Drawbacks of the design-matrix technique
Of course, there is no such thing as a free lunch. Whereas the UNIQUE-LOC method requires very little memory, the design-matrix method requires more memory. If there are N observations and the m categorical variables have k1, k2, ..., km levels, then the direct product matrix is an (N x (k1 k2 ... km)) matrix. Accordingly, the design-matrix technique is best used on medium-sized data sets and with categorical variables that have a small number of levels.

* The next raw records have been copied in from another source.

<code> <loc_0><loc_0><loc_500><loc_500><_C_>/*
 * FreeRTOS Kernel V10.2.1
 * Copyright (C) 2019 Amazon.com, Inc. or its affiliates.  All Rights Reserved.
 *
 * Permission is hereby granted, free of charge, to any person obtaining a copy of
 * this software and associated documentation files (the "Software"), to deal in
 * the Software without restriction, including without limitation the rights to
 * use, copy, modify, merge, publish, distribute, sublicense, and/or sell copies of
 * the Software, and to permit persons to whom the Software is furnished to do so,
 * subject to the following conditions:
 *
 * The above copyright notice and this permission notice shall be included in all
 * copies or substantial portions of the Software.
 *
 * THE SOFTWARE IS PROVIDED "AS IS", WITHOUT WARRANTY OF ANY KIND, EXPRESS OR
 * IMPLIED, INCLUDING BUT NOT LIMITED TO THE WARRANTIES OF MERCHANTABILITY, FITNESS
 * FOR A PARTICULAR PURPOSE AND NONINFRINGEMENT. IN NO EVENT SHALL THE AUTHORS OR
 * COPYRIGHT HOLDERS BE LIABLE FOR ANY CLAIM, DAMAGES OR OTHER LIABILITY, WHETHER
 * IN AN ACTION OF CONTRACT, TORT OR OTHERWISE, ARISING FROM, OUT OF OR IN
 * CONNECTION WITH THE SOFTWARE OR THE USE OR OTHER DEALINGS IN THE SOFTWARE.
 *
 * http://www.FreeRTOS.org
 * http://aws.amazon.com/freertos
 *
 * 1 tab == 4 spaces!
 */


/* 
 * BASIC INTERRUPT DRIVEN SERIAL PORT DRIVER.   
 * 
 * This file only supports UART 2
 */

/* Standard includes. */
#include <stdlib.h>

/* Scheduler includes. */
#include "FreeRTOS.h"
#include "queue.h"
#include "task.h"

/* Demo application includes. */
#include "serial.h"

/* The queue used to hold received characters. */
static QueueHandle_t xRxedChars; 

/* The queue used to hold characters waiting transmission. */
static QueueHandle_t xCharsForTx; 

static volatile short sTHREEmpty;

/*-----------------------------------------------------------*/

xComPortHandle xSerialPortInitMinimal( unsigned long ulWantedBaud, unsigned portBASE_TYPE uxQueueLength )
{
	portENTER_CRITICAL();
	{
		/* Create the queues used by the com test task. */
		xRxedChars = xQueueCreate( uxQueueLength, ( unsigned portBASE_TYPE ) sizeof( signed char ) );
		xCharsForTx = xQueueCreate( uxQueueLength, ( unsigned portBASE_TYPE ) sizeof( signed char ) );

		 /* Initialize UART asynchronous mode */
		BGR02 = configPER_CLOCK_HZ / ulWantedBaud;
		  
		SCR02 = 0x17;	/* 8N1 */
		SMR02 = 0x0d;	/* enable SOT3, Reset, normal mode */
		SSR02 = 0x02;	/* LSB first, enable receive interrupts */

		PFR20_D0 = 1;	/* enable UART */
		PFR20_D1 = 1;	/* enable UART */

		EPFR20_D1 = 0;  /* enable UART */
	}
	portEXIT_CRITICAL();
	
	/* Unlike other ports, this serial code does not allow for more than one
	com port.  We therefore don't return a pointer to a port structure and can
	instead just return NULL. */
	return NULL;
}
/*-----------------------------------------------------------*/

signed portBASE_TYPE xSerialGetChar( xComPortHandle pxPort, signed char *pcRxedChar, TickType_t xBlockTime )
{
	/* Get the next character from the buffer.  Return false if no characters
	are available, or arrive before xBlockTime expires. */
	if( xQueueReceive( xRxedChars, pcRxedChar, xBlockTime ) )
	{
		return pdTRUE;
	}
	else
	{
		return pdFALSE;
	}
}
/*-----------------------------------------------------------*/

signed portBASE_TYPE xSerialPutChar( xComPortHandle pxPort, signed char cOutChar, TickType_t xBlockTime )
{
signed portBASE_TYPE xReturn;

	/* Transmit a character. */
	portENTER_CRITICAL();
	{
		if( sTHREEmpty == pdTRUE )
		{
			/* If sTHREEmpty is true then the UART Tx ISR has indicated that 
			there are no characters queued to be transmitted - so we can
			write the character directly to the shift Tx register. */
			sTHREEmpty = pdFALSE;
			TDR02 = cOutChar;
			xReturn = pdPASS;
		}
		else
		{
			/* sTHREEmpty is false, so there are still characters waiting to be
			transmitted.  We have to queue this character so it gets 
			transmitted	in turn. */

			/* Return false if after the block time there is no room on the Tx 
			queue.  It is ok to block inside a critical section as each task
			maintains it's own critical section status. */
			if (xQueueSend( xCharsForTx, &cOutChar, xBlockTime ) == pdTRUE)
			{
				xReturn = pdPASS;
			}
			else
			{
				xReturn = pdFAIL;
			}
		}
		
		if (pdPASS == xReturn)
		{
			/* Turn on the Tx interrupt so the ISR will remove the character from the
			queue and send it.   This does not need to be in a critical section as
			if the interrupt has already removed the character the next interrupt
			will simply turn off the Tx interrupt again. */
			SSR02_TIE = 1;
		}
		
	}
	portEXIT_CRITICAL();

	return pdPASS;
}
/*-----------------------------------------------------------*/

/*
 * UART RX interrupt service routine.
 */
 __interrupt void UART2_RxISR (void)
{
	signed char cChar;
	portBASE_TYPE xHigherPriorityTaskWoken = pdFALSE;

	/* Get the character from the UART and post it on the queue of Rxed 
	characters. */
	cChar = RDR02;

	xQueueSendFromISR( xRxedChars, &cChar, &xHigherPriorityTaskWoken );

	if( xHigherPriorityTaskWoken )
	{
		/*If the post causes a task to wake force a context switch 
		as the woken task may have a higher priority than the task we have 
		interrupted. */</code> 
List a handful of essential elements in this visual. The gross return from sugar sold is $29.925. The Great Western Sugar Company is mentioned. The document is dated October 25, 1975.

You can extend the UNIQUEBY method to support multiple categorical variables. The UNIQUEBY technique requires a much smaller memory footprint. However, the UNIQUEBY method requires that the data are sorted whereas the design-matrix method does not.
Summary
The UNIQUE-LOC method is an easy and intuitive method of performing a subgroup analysis for levels of a single categorical variable. However, the natural generalization of the method to multiple categorical variables requires that you write nested loops and keep track of subgroups of subgroups. In contrast, the design-matrix method uses only a single loop to iterate over the columns of a matrix that is the direct product of the design matrix for arbitrarily many categorical variables. This article demonstrates how to use the design-matrix method to perform a subgroup analysis.